The Queen's Theatre is a building of historic importance in Playhouse Lane, Adelaide, South Australia. It is the oldest intact theatre in mainland Australia, but was predated by Theatre Royal in Hobart, Tasmania.[1] It was not the first theatre in Adelaide however, that being Samson Cameron's short-lived Royal Victoria Theatre on North Terrace which opened on 23 November 1839.[2]

History[edit]

By the early 1800s, live performance was increasing in popularity in Australia, although no entertainment venues existed to house performances. In the 1830s, both Sydney and Hobart received two theatres, the first in the Australian colonies.[1]

Only four years following settlement of South Australia in 1836, attempts to build a substantial theatre in an increasingly prosperous Adelaide were made, with a declaration by the South Australian Register stating "...Mr Solomon, of Currie Street, is about to make an important addition to the quarter of Gilles Arcade, by the erection of a spacious and handsome edifice which he ends to fit up as a theatre".[1] It was built for Emanuel Solomon (1800–1873) and his Sydney-based brother Vaiben Solomon (1802–1860)[3] in 1840[4] for £3000[5] with seating for over 1000 people[6]. The project had dire predictions of failure from the press[7] and opened with Othello on 11 January 1841,[8] the manager John Lazar in the title role, to "mixed reviews".[9] The Southern Australian's prognostications proved correct. Public appetite for entertainment had waned with the Depression brought on by Governor Grey's fiscally responsible regime following the prosperity of Governor Gawler's rule, when huge sums were invested in public infrastructure. After months of losing money, Lazar dismissed his company and converted the seating to something more appropriate to public meetings,[10] and some use was made of the theatre for public meetings and lectures, but did not renew his lease.

Solomon offered the government use of the theatre gratis if they would prohibit the building of further taverns in the vicinity (his Shakspere Tavern,[11] subsequently named Temple Tavern, was adjacent). This was rejected, but in 1843 the government signed a contract with Solomon for three years' rental at £200 per annum for use as Resident Magistrates Court, Supreme Court and offices for the Registrar General, the Advocate General, the Assistant Crown Solicitor and Assistant to the Bench of Magistrates.[12]
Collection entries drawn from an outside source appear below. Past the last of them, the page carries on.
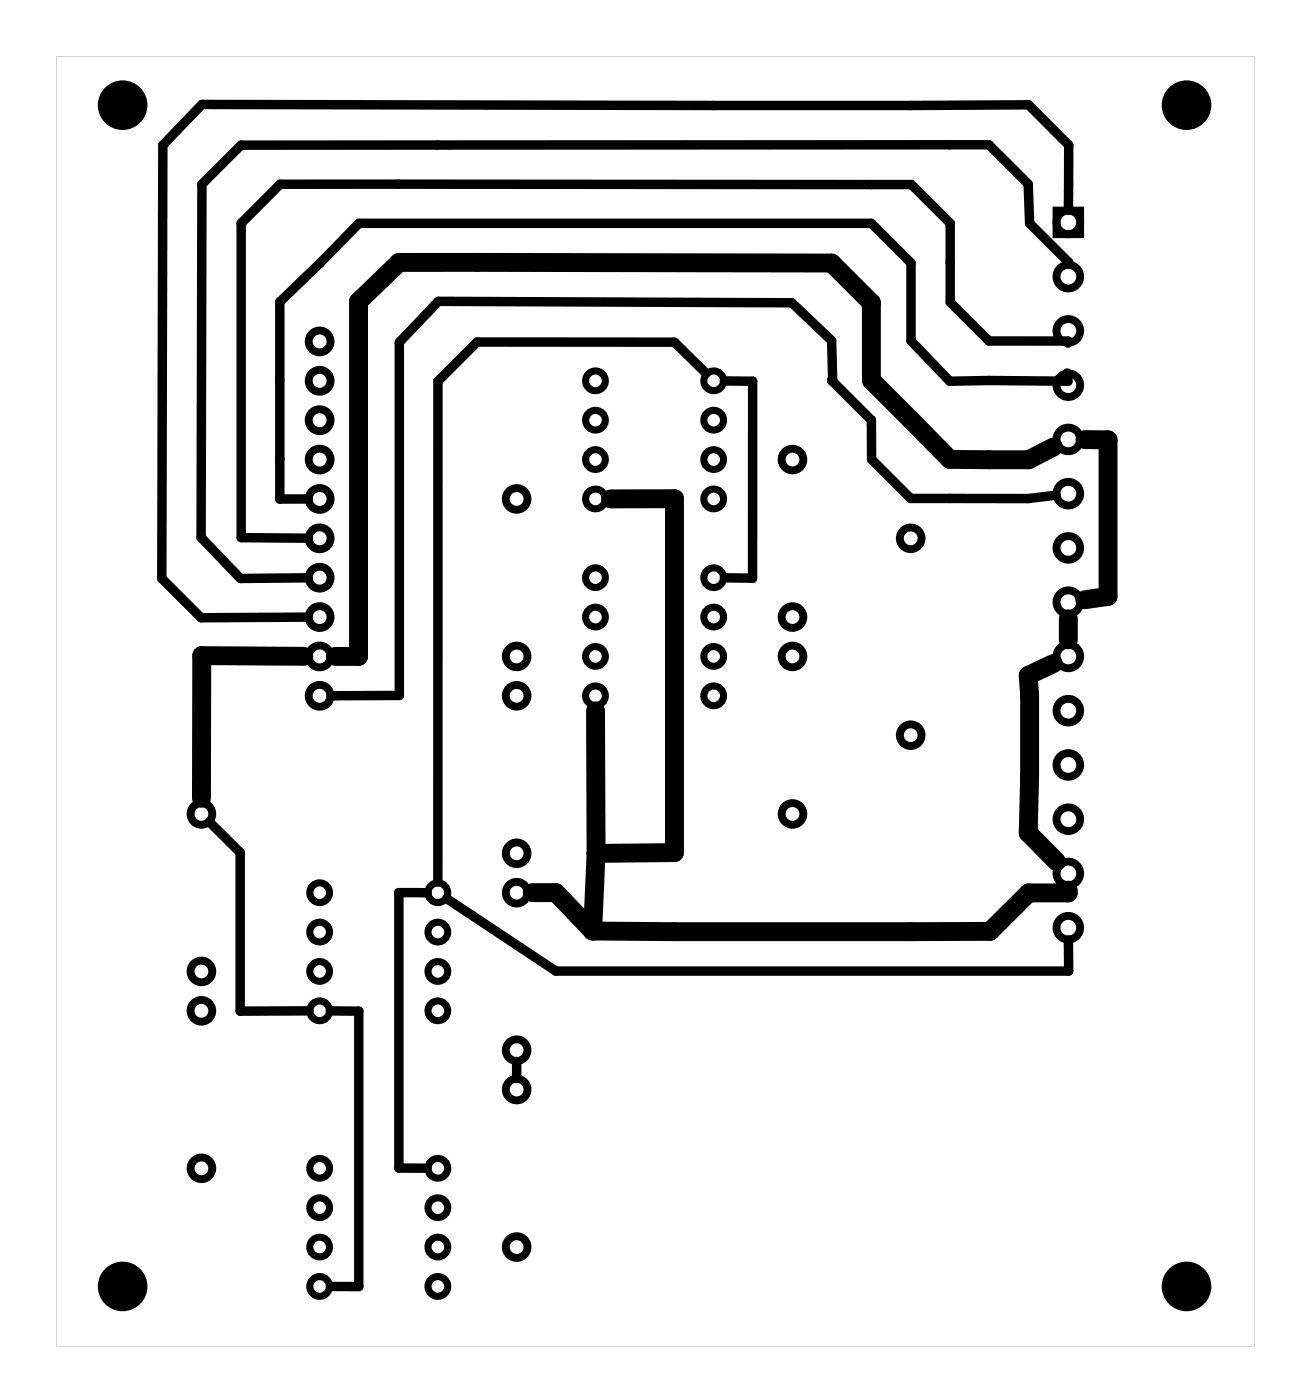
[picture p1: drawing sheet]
<svg xmlns="http://www.w3.org/2000/svg" width="84mm" height="90mm" viewBox="0 0 84 90" stroke-linecap="round" stroke-linejoin="round" font-family="sans-serif">
<path d="M3.6 3.6h77.3v83.2h-77.3zM3.6 3.6v83.2h77.3v-83.2z" fill="#000"/>
<g fill="none" stroke="#000" stroke-width=".39">
<circle cx="20.6" cy="22" r=".69"/>
<circle cx="20.6" cy="24.6" r=".69"/>
<circle cx="20.6" cy="39.8" r=".69"/>
<circle cx="20.6" cy="37.3" r=".69"/>
<circle cx="20.6" cy="29.6" r=".69"/>
<circle cx="20.6" cy="32.2" r=".69"/>
<circle cx="20.6" cy="27.1" r=".69"/>
<circle cx="20.6" cy="34.7" r=".69"/>
<circle cx="20.6" cy="42.3" r=".69"/>
<circle cx="20.6" cy="44.9" r=".69"/>
</g>
<g fill="none" stroke="#000" stroke-width=".51">
<path d="M68.1 13.6h1.5v1.5h-1.5z"/>
<circle cx="68.9" cy="17.8" r=".76"/>
<circle cx="68.9" cy="14.3" r=".76"/>
<circle cx="20.6" cy="29.6" r=".7"/>
<circle cx="20.6" cy="34.7" r=".7"/>
<circle cx="20.6" cy="37.3" r=".7"/>
<circle cx="20.6" cy="27.1" r=".7"/>
<circle cx="20.6" cy="24.6" r=".7"/>
<circle cx="20.6" cy="22" r=".7"/>
<circle cx="20.6" cy="32.2" r=".7"/>
<circle cx="20.6" cy="39.8" r=".7"/>
<circle cx="33.3" cy="32.2" r=".7"/>
<circle cx="51.1" cy="29.6" r=".7"/>
<circle cx="51.1" cy="39.8" r=".7"/>
<circle cx="58.7" cy="34.7" r=".7"/>
<circle cx="68.9" cy="38.8" r=".76"/>
<circle cx="68.9" cy="35.3" r=".76"/>
<circle cx="68.9" cy="24.8" r=".76"/>
<circle cx="68.9" cy="21.3" r=".76"/>
<circle cx="68.9" cy="31.8" r=".76"/>
<circle cx="68.9" cy="28.3" r=".76"/>
<circle cx="13" cy="52.5" r=".7"/>
<circle cx="20.6" cy="42.3" r=".7"/>
<circle cx="20.6" cy="44.9" r=".7"/>
<circle cx="33.3" cy="57.6" r=".7"/>
<circle cx="33.3" cy="44.9" r=".7"/>
<circle cx="33.3" cy="55" r=".7"/>
<circle cx="33.3" cy="42.3" r=".7"/>
<circle cx="51.1" cy="42.3" r=".7"/>
<circle cx="51.1" cy="52.5" r=".7"/>
<circle cx="58.7" cy="47.4" r=".7"/>
<circle cx="68.9" cy="59.8" r=".76"/>
<circle cx="68.9" cy="42.3" r=".76"/>
<circle cx="68.9" cy="52.8" r=".76"/>
<circle cx="68.9" cy="49.3" r=".76"/>
<circle cx="68.9" cy="45.8" r=".76"/>
<circle cx="68.9" cy="56.3" r=".76"/>
<circle cx="13" cy="65.2" r=".7"/>
<circle cx="13" cy="75.4" r=".7"/>
<circle cx="13" cy="62.7" r=".7"/>
<circle cx="33.3" cy="70.3" r=".7"/>
<circle cx="33.3" cy="67.7" r=".7"/>
<circle cx="33.3" cy="80.4" r=".7"/>
</g>
<g fill="#000">
<circle cx="7.9" cy="6.8" r="1.6"/>
<circle cx="76.5" cy="6.8" r="1.6"/>
<circle cx="7.9" cy="83" r="1.6"/>
<circle cx="76.5" cy="83" r="1.6"/>
</g>
<g fill="none" stroke="#000" stroke-width=".46">
<circle cx="38.4" cy="27.1" r=".64"/>
<circle cx="38.4" cy="39.8" r=".64"/>
<circle cx="38.4" cy="29.6" r=".64"/>
<circle cx="38.4" cy="32.2" r=".64"/>
<circle cx="38.4" cy="24.6" r=".64"/>
<circle cx="38.4" cy="37.3" r=".64"/>
<circle cx="46" cy="32.2" r=".64"/>
<circle cx="46" cy="39.8" r=".64"/>
<circle cx="46" cy="27.1" r=".64"/>
<circle cx="46" cy="29.6" r=".64"/>
<circle cx="46" cy="24.6" r=".64"/>
<circle cx="46" cy="37.3" r=".64"/>
<circle cx="20.6" cy="57.6" r=".64"/>
<circle cx="28.2" cy="57.6" r=".64"/>
<circle cx="38.4" cy="42.3" r=".64"/>
<circle cx="38.4" cy="44.9" r=".64"/>
<circle cx="46" cy="42.3" r=".64"/>
<circle cx="46" cy="44.9" r=".64"/>
<circle cx="20.6" cy="60.1" r=".64"/>
<circle cx="20.6" cy="65.2" r=".64"/>
<circle cx="20.6" cy="62.7" r=".64"/>
<circle cx="20.6" cy="77.9" r=".64"/>
<circle cx="20.6" cy="75.4" r=".64"/>
<circle cx="28.2" cy="62.7" r=".64"/>
<circle cx="28.2" cy="65.2" r=".64"/>
<circle cx="28.2" cy="60.1" r=".64"/>
<circle cx="28.2" cy="77.9" r=".64"/>
<circle cx="28.2" cy="75.4" r=".64"/>
<circle cx="20.6" cy="80.4" r=".64"/>
<circle cx="20.6" cy="83" r=".64"/>
<circle cx="28.2" cy="83" r=".64"/>
<circle cx="28.2" cy="80.4" r=".64"/>
</g>
<path d="M68.9 13.6v-4.2l-2.6-2.6-53.3-.1-2.5 2.7-.1 27.9 2.6 2.6 6.9-.1M68.9 17.1v-.2l-2.5-2.5-.1-2.5-2.6-2.6-48.2 .1-2.5 2.5v22.8l2.5 2.6h4.4M45.5 24.1l-2-2h-12.7l-2.6 2.5v32.3M46.7 24.6h1.8v12.7h-1.8M68.1 31.9l-1.8 .3h-7.6l-2.5-2.6v-2.5l-2.6-2.6 .1 .1-.1-2.6-2.6-2.5-22.7-.1-2.6 2.7v22.8h-4.4M68.8 24.1v.5h-7.6l-2.5-2.6v-5l-2.5-2.6h-33.1l-5.1 5.1v12.7h1.9M68.8 22.1l.1-.1h-5.2l-2.5-2.5v-5.1l-2.4-2.5h-40.7l-2.6 2.5v20.3h4.4M13.5 53l2 2v10.2h4.4M27.5 57.6h-1.8v17.7l1.8 .1M28.8 58l7 4.6h33.1v-2M21.3 65.2h1.8v17.8h-1.8M33.3 68.5v1.1" fill="none" stroke="#000" stroke-width=".61"/>
<path d="M39.4 32.2h4.1v22.8l-5.1 .1M67.9 28.8l-1.6 .9-5.1-.1-5-5.1v-5l-2.6-2.5-27.9-.1-2.6 2.6v22.8h-1.5M68.9 39.9v1.4M69.9 28.4h1.5v10.1l-1.5 .2M19.6 42.3h-6.6v9.2M34.3 57.6h1.5l2.4 2.5M38.4 45.9v9.2M38.4 55.1l-.2 5M67.9 42.8l-1.6 .8 .1 1.3v5.1l-.1 3.7 1.8 1.9M68.9 57.4v.2h-2.6l-2.5 2.5h-25.6" fill="none" stroke="#000" stroke-width="1.2"/>
</svg>

Between 1846 and 1847 Solomon, whose nephew Judah Moss Solomon (1818–1880) was an occasional partner, attempted to sell the theatre and tavern by lottery, but it was never fully subscribed so he refunded to the punters their stakes.

It reopened, re-using the name Royal Victoria Theatre, under the management of John Lazar and George Coppin, on 23 December 1850.[13]

In 1861 it closed for refurbishment and substantial remodelling, and reopened in July with A. J. Solomon the new lessee and Robert MacGowan the stage manager[14] of what was Adelaide's only theatre until the opening of the Theatre Royal at 28 Hindley Street on 13 April 1868,[15] which spelled the demise of the "Victoria".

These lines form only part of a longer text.